A positive impact is also observed for several of the considered health monitoring indicators, which can be directly performed by the CHW, such as bp measurement or small-routine check-ups. Respondents living in treatment group centers had a 10.6% (95% CI = 3.2, 18.1) higher probability of having undergone a check-up in the past year and a 9.5% (95% CI = 3.3, 15.9) higher probability of having had their blood pressure checked. Besides this, KDCI clients from treatment group centers reported a 7.2% (95% CI = 0.93, 13.5) higher probability of having access to a professional health care provider. Given the high disease prevalence in the neighborhoods and low levels of monitoring, these improvements can lead to substantial health gains. On the other hand, respondents from treatment group centers were not significantly more likely to have a personal health insurance.

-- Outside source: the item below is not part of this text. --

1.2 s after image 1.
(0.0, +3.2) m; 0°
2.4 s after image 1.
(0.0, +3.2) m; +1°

With regard to social support, the intervention did not have a significant effect on any of the considered indicators. Respondents in treatment group centers were neither more likely to know someone in their social network or their KDCI center to ask for r help or advice nor more likely to be encouraged by their peers. Although the CHW intervention led to improved health monitoring, this seems to have not translated into an increase in perceived support in the communities. Apparently, the majority of clients did not perceive the community health workers as valuable support with their health issues suggesting that the program has not reached all of its priority objectives.

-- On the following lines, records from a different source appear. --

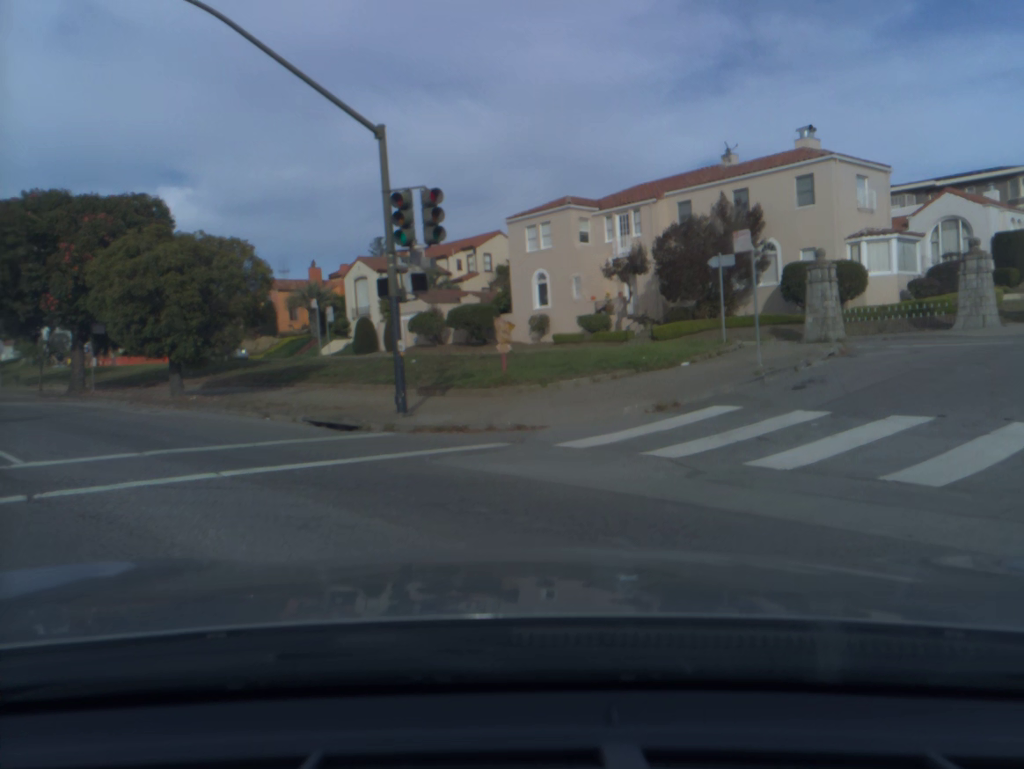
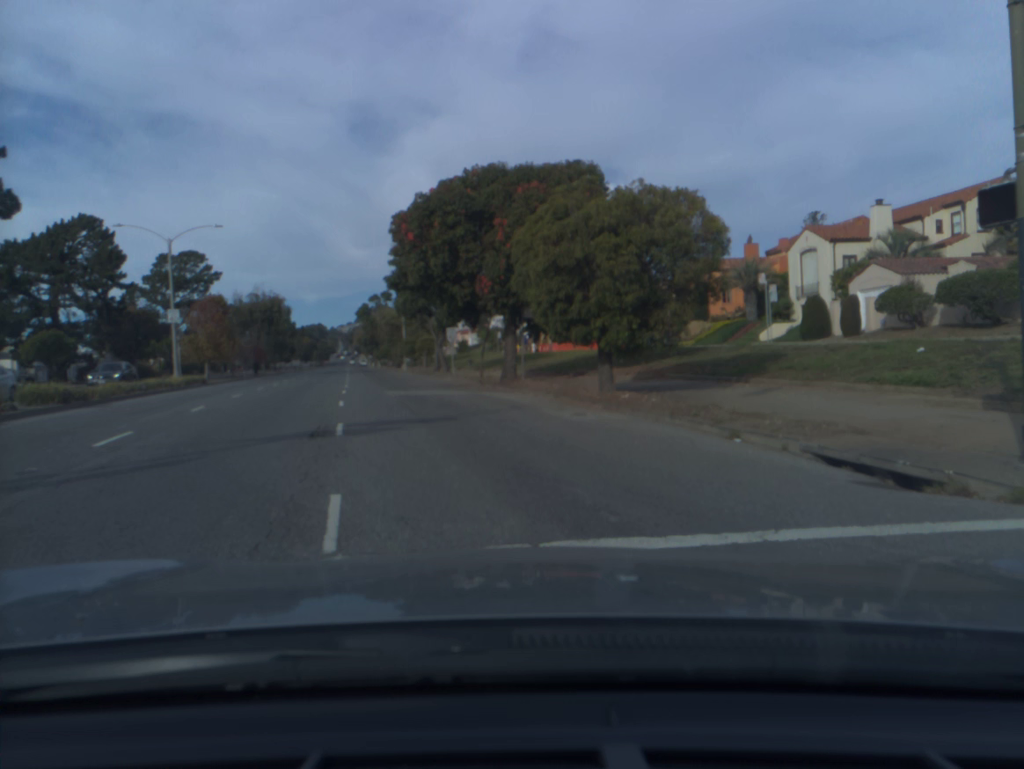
(-1.8, +6.7) m; -26°
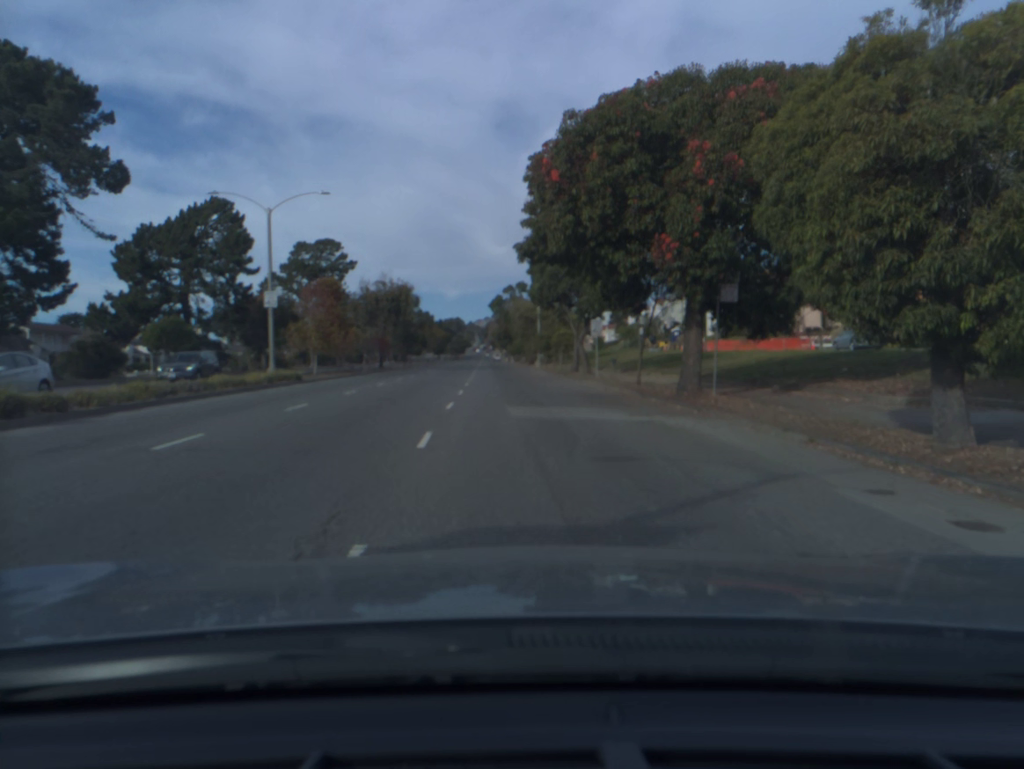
(-0.8, +9.4) m; -7°
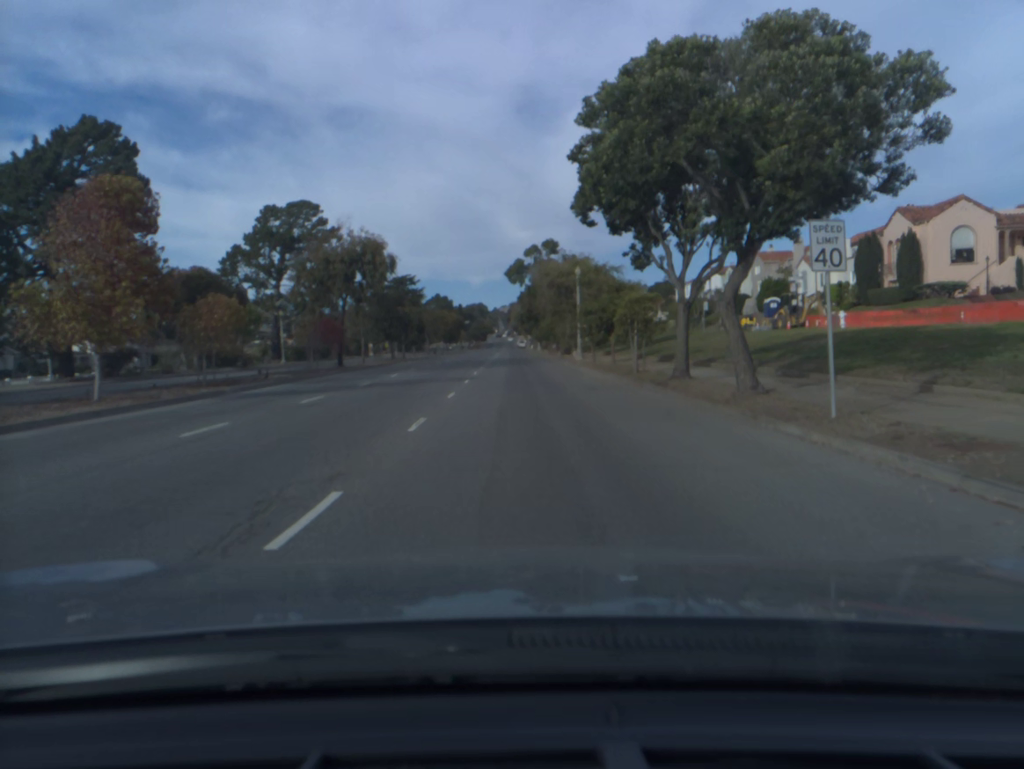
(-0.4, +26.9) m; -2°
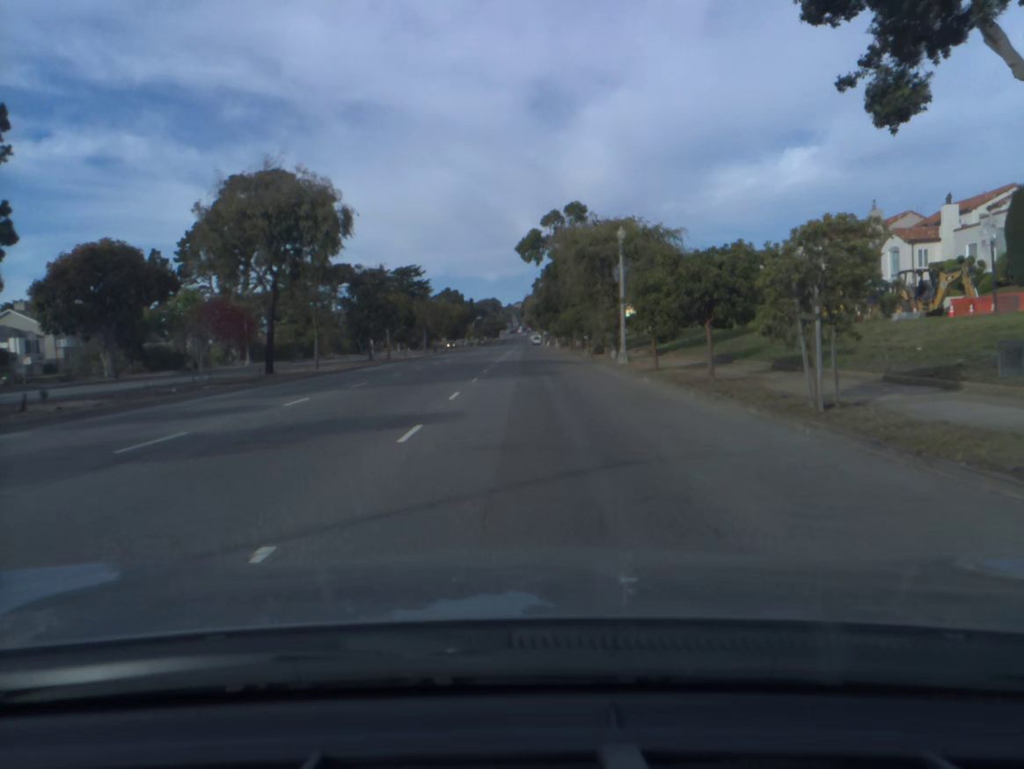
(-0.2, +16.9) m; -1°
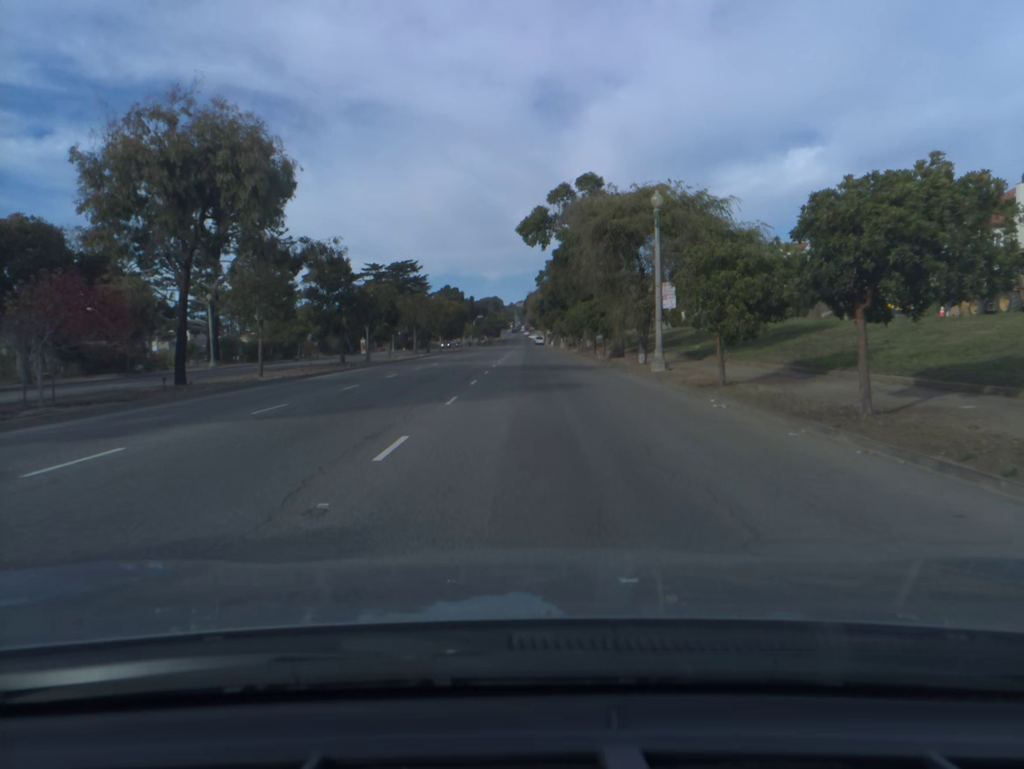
(0.0, +9.1) m; 0°
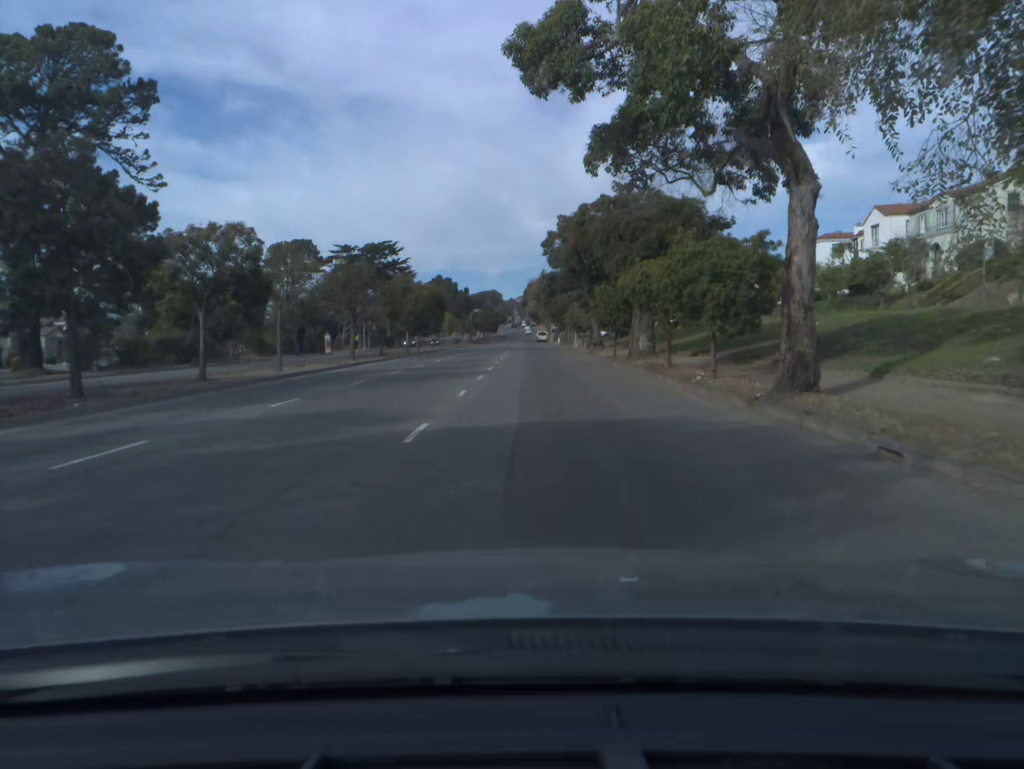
(0.0, +28.5) m; 0°

Social influences on program outreach and impact
One reason for the restricted impact may be the overall low levels of program utilization and awareness among the wider client population. Indeed, additional analyses (Appendix S3.4 in Online Supplementary Document) show that a large share of the impact heterogeneity between neighborhoods are attributable to differences in program acceptance as measured with the clients’ utilization and awareness of the program.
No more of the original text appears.